[INPUT MATERIAL — start]
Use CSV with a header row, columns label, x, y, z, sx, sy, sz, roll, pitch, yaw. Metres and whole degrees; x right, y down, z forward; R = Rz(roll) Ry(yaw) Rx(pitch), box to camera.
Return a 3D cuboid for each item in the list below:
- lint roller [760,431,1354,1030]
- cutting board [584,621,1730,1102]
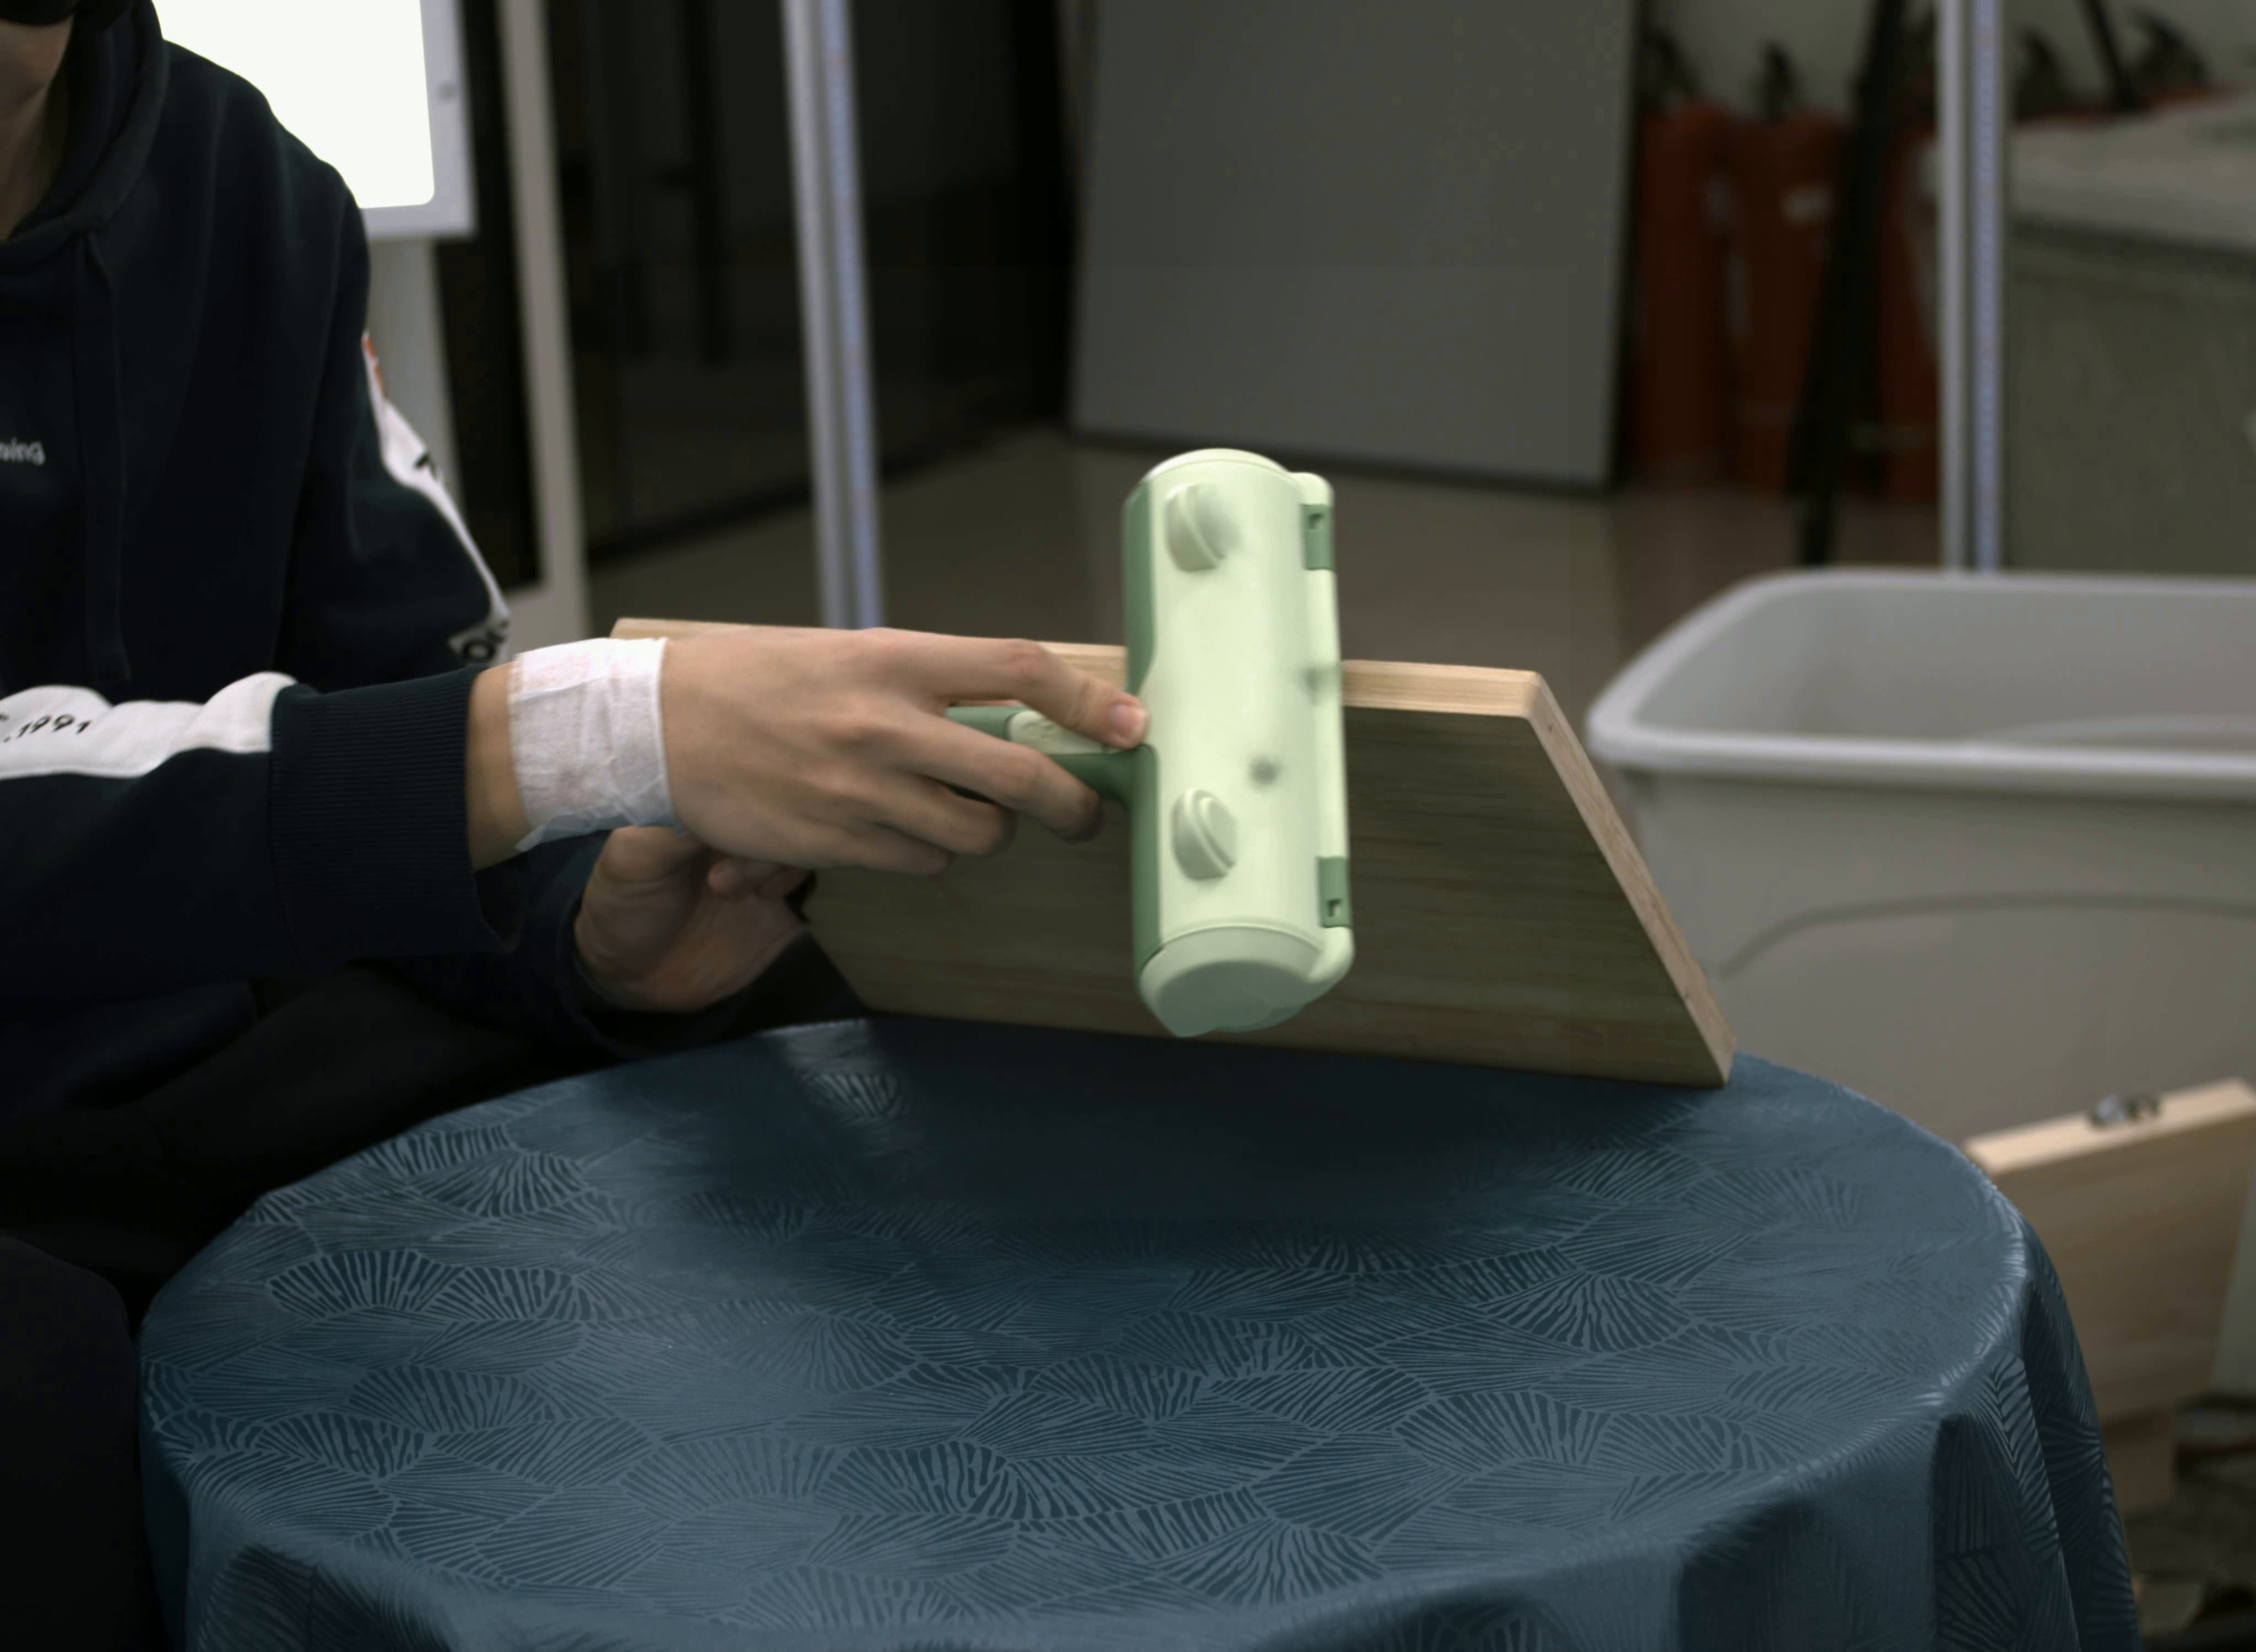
label,x,y,z,sx,sy,sz,roll,pitch,yaw
lint roller,-0.024,-0.035,1.654,0.181,0.082,0.200,-1,55,1
cutting board,0.011,0.012,1.831,0.349,0.249,0.024,4,59,27
[INPUT MATERIAL — finish]
# DIRECTIONS FOR THIS TASK
Your reply should restate the data above word for word and contain no pictures.

# REPLY TO THE EXERCISE
Use CSV with a header row, columns label, x, y, z, sx, sy, sz, roll, pitch, yaw. Metres and whole degrees; x right, y down, z forward; R = Rz(roll) Ry(yaw) Rx(pitch), box to camera.
Return a 3D cuboid for each item in the list below:
- lint roller [760,431,1354,1030]
- cutting board [584,621,1730,1102]
label,x,y,z,sx,sy,sz,roll,pitch,yaw
lint roller,-0.024,-0.035,1.654,0.181,0.082,0.200,-1,55,1
cutting board,0.011,0.012,1.831,0.349,0.249,0.024,4,59,27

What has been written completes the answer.